Mrs. Wade came to me and asked, "Eddie, could you switch roles with Jeremy (ok, I shared his real name, which I debated doing, he died 17 years ago).

I said no. He stuck with the part. And he pushed his way through. He took the harder part; I had the easier.

This may have led to his demise. One can never be sure.

Jeremy struggled with a lot of things (don't we all?), but in his unfortunate case he struggled more outwardly than most of us.

We mocked him for years. That was not good, not right. Things may have piled up on him worse than many of us. His family had issues, I cannot know how deep or dark.

I have written about that, in a semi-public letter/tribute/apology/confession/eulogy in 2012, from thousands of miles from our homeland... Not sure if that part mattered.

Philip Roth, are you pushing me to write this? Who else has done it? Chaim Potok? Bernard Malamud? James Michener?

It's probably you, Harold Bloom! You and your secular, gnostic, orphic, enthusiastic Jewishness!

You Yalie, not the first Jewish giant that I know from New England, land of a thousand accents and postures...

Complexities abound.

No, I didn't really kill Jeremy, no one did and everyone did.

We cannot blame God, will we? It may lead to believing in Him more or less.

Or as some believe, nothing more.

Jeremy H. still lives on in the memories of some, like me, and better in others. He has had his impact, and still will. Less than Davy Crockett, the historical figure he played.

Me, the second grader who happened upon the unusual treasure, who tread upon fortuitous fate, a serindipitous destiny, lives on. The one who took the easier part, sticking it to the pale little red-head.

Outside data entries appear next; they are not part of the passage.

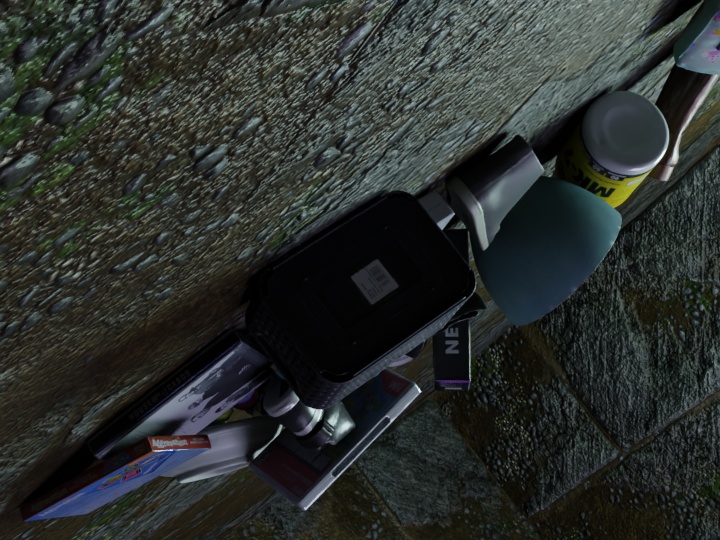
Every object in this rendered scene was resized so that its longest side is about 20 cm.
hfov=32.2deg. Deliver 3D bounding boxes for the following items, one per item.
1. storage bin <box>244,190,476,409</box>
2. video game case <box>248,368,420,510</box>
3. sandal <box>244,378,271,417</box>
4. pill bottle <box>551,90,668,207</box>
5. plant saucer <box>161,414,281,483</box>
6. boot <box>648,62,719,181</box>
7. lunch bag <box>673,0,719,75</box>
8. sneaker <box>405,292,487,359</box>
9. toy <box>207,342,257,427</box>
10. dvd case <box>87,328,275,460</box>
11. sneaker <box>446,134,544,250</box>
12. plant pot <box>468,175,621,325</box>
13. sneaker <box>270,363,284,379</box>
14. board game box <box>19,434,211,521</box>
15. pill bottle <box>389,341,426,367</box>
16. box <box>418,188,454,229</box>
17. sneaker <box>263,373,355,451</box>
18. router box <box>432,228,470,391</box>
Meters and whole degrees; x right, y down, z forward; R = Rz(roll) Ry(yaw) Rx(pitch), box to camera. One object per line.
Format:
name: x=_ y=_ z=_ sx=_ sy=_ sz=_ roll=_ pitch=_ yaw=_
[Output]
storage bin: x=-0.001 y=0.029 z=1.254 sx=0.200 sy=0.135 sz=0.094 roll=-33 pitch=169 yaw=-24
video game case: x=-0.034 y=0.193 z=1.516 sx=0.200 sy=0.017 sz=0.143 roll=-44 pitch=-152 yaw=-15
sandal: x=-0.101 y=0.140 z=1.621 sx=0.057 sy=0.080 sz=0.201 roll=-52 pitch=-174 yaw=-34
pill bottle: x=0.326 y=-0.148 z=1.669 sx=0.114 sy=0.114 sz=0.200 roll=-35 pitch=169 yaw=-16
plant saucer: x=-0.186 y=0.232 z=1.578 sx=0.200 sy=0.050 sz=0.200 roll=-15 pitch=169 yaw=-3
boot: x=0.424 y=-0.246 z=1.715 sx=0.064 sy=0.187 sz=0.200 roll=9 pitch=116 yaw=-20
lunch bag: x=0.468 y=-0.309 z=1.437 sx=0.200 sy=0.122 sz=0.170 roll=-28 pitch=171 yaw=-10
sneaker: x=0.030 y=0.056 z=1.349 sx=0.200 sy=0.104 sz=0.060 roll=-34 pitch=170 yaw=-22
toy: x=-0.161 y=0.158 z=1.526 sx=0.115 sy=0.047 sz=0.200 roll=-33 pitch=169 yaw=-28
dvd case: x=-0.190 y=0.147 z=1.381 sx=0.200 sy=0.025 sz=0.150 roll=-37 pitch=161 yaw=2
sneaker: x=0.166 y=-0.089 z=1.480 sx=0.106 sy=0.075 sz=0.200 roll=-35 pitch=169 yaw=-1
plant pot: x=0.220 y=-0.047 z=1.622 sx=0.200 sy=0.135 sz=0.200 roll=-46 pitch=-169 yaw=11
sneaker: x=-0.013 y=0.090 z=1.416 sx=0.200 sy=0.080 sz=0.071 roll=-25 pitch=165 yaw=-44
board game box: x=-0.271 y=0.229 z=1.376 sx=0.200 sy=0.019 sz=0.103 roll=-30 pitch=162 yaw=25
pill bottle: x=0.035 y=0.064 z=1.601 sx=0.114 sy=0.114 sz=0.200 roll=-37 pitch=170 yaw=-5
box: x=0.000 y=0.000 z=1.407 sx=0.200 sy=0.041 sz=0.156 roll=-32 pitch=169 yaw=-25
sneaker: x=-0.050 y=0.141 z=1.481 sx=0.073 sy=0.112 sz=0.200 roll=-30 pitch=-160 yaw=26
router box: x=0.121 y=0.056 z=1.662 sx=0.051 sy=0.201 sz=0.149 roll=-1 pitch=170 yaw=4
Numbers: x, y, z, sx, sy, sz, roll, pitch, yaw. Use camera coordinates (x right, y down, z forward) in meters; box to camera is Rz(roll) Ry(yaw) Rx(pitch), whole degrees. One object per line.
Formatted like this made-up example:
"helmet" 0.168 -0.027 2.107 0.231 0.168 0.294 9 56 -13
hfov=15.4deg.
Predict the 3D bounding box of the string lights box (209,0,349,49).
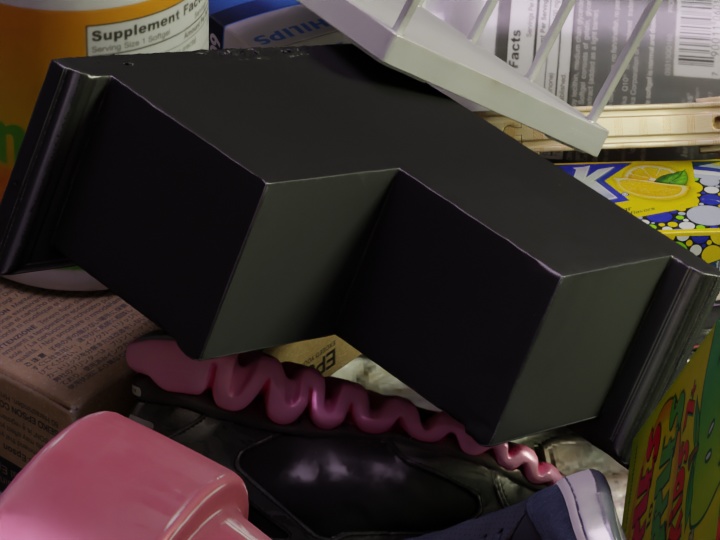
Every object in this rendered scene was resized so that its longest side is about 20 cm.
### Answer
"string lights box" -0.079 -0.112 1.351 0.059 0.103 0.200 -17 36 -28

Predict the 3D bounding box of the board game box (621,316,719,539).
"board game box" 0.134 0.080 0.939 0.047 0.200 0.102 11 68 -3

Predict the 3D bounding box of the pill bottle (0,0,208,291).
"pill bottle" -0.118 -0.103 1.102 0.110 0.201 0.111 1 31 -1

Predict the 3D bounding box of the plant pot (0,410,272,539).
"plant pot" -0.049 0.171 0.839 0.178 0.201 0.200 26 37 9

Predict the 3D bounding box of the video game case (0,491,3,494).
"video game case" -0.222 0.131 0.884 0.180 0.026 0.200 21 55 18

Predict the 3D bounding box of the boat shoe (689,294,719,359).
"boat shoe" 0.150 0.040 1.163 0.200 0.074 0.063 0 67 -20

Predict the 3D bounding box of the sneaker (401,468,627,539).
"sneaker" 0.024 0.126 0.922 0.145 0.077 0.202 -18 -7 -6

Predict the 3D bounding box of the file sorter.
"file sorter" 0.031 -0.162 1.172 0.138 0.125 0.200 19 14 -42

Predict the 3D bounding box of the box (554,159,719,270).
"box" 0.106 -0.007 1.228 0.199 0.065 0.070 -1 32 -5

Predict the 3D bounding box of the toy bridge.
"toy bridge" 0.074 -0.064 1.240 0.199 0.027 0.067 -2 1 6

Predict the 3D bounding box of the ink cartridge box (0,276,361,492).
"ink cartridge box" -0.115 0.018 1.168 0.164 0.075 0.200 23 38 33

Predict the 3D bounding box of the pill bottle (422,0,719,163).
"pill bottle" 0.103 -0.097 1.324 0.199 0.116 0.116 4 32 5

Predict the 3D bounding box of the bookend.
"bookend" 0.000 0.000 1.018 0.200 0.092 0.198 34 24 27

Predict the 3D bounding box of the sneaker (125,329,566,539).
"sneaker" -0.009 0.091 1.069 0.199 0.096 0.079 17 -5 -11
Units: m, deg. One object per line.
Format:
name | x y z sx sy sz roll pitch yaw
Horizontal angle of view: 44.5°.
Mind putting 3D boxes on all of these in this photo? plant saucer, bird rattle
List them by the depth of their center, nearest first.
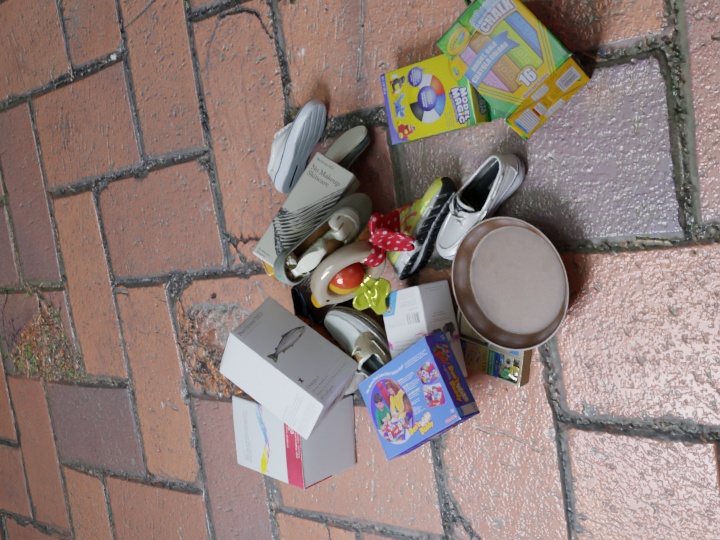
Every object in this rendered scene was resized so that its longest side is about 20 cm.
plant saucer | 0.226 0.017 1.308 0.199 0.034 0.203 13 111 37
bird rattle | 0.000 0.000 1.385 0.113 0.162 0.200 61 153 19

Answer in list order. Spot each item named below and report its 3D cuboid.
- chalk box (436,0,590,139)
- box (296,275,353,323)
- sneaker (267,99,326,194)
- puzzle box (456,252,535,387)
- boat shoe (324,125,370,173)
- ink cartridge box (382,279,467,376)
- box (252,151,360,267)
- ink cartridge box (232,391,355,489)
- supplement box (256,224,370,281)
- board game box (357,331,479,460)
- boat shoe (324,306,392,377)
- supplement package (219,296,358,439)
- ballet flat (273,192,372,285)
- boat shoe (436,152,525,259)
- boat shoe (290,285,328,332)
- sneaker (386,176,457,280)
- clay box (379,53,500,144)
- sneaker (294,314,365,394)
chalk box | 0.195 -0.302 1.207 0.124 0.124 0.201 -44 68 17
box | -0.079 -0.018 1.606 0.100 0.074 0.201 -48 65 39
sneaker | -0.126 -0.233 1.594 0.071 0.073 0.201 45 128 22
puzzle box | 0.211 0.068 1.379 0.132 0.025 0.202 18 113 41
boat shoe | -0.038 -0.177 1.548 0.062 0.073 0.200 34 128 -21
ink cartridge box | 0.105 0.126 1.443 0.115 0.067 0.203 -15 85 57
box | -0.089 -0.088 1.459 0.082 0.068 0.201 31 88 13
ink cartridge box | -0.129 0.305 1.684 0.199 0.144 0.147 7 105 42
supplement box | -0.075 -0.052 1.520 0.198 0.067 0.069 -22 76 8
board game box | 0.086 0.200 1.385 0.200 0.044 0.136 -41 66 47
boat shoe | 0.013 0.138 1.517 0.199 0.068 0.075 35 134 11
supplement package | -0.125 0.166 1.512 0.199 0.117 0.118 35 138 10
ballet flat | -0.050 -0.046 1.395 0.068 0.200 0.064 53 170 -19
boat shoe | 0.168 -0.096 1.333 0.200 0.065 0.072 -49 56 33
boat shoe | -0.105 0.117 1.667 0.084 0.068 0.203 -5 97 44
sneaker | 0.085 -0.080 1.427 0.090 0.078 0.201 50 130 26
clay box | 0.124 -0.270 1.360 0.199 0.047 0.116 -8 95 46
sneaker | -0.080 0.158 1.594 0.199 0.076 0.093 30 108 4

Look down upon me from the heavens, all grown up one, with the impressive obituary from the newspaper that I read with... Interest, sadness, soberness, appreciation. Wonder, in a sense of wondering how things matter and play out. All these years later you have left us behind.

Alas, Yoric, I knew thee not well, and something may stink in the state of Denmark, but my life and time marches on. And you are elsewhere, my classmate.

Steinbeck, Vonnegut, Paul Theroux, and other fellow Gentile savants may empathize. They give me reasons to wonder and continue in the thoughts of plausibility.

Salinger and Russo, you family men of disparate paths... Writing your insightful and inciting tales of woes and loves. Of higher powers?

Choose ye this day, Joshua! to worship the God of All Creation, not the petty devils and witches across the way, across the river where perhaps the Hapiru, the Hebrew, hailed from down under in Egypt of old.

Devilry and Godliness, all since second grade.

Who is the goy and who is the Jew? It's deeper than the ancestry of your mother, and mine.

The answers of life and death and identity lie much further beneath, I believe.